A Thread Of Light: Exhibition 2010

 
Birch Diptych
Birch Diptych
Bend
Bend
Birch Sketch (detail)
Birch Sketch (detail)
 

 
When I was a child we stopped once on a journey North to walk in the silence of Culbin Forest. There we found the exquisite and rare one-flowered wintergreen. This is one of my most precious memories.
 

 
One Loch, Two Days
One Loch, Two Days
Dark Mirror
Dark Mirror
Mountain Flower
Mountain Flower
 

In recent years the risk of imminent ecological crisis has become a huge factor in our lives. For a while I found it hard even to glance towards the future, so fearful were the things it seemed likely to contain. Then in 2008 I was invited to spend time in the Rocky Mountains. There in the blasted high landscape we found tiny, exquisite flowers amongst the shattered rock. These flowers moved me very much. Their delicate perfection and the tension between their vulnerability and tenacity seemed to encapsulate a sense that life and by implication beauty could persist against the most difficult odds.

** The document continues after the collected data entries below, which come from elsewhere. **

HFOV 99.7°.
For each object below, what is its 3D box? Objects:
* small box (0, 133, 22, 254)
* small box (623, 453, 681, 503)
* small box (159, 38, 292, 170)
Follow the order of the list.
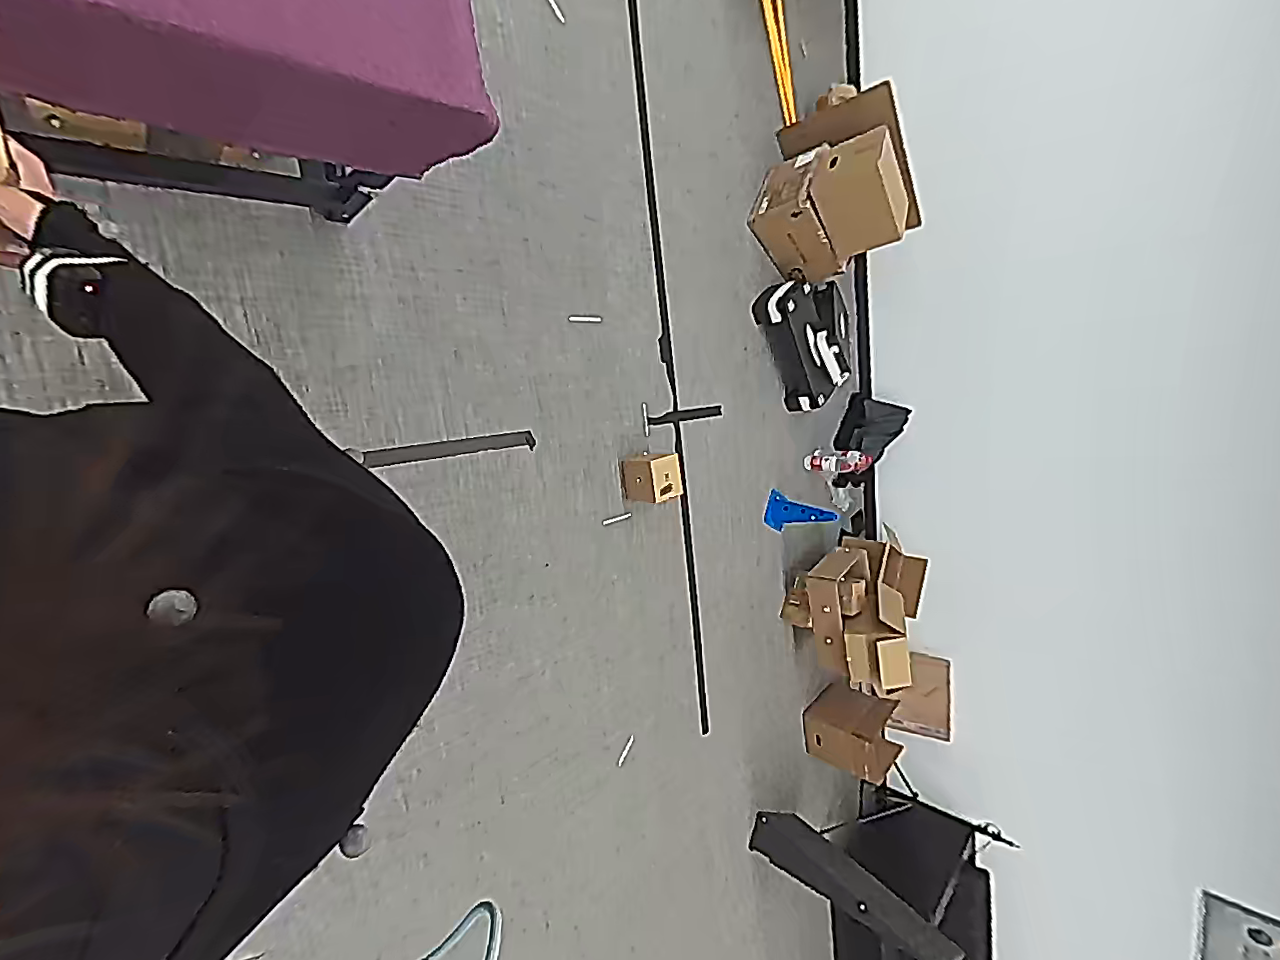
[{"bbox_3d":[-0.706,-0.304,0.477,0.168,0.176,0.179,-17,102,-57],"label":"small box"},{"bbox_3d":[0.048,-0.012,2.235,0.168,0.176,0.179,-17,105,-42],"label":"small box"},{"bbox_3d":[-0.941,-0.844,1.225,0.168,0.176,0.179,-48,123,-30],"label":"small box"}]

The work in this exhibition considers the fine line between the presence and absence of life and the way this changes everything. For life to exist certain conditions have to be in place and so value judgements of good/beneficial and bad/detrimental come into play. The indifferent and haphazard forces of nature become imbued with meaning.

 

Dark uncertainty and imagined catastrophe still occupy the unknown and unseen parts of our world, but as H.G. Wells wrote in “The Time Machine”, his vision of a decadent future where all natural risk has been eliminated, “intellectual versatility is the compensation for change, danger and trouble . . . There is no intelligence where there is no change and no need of change.” 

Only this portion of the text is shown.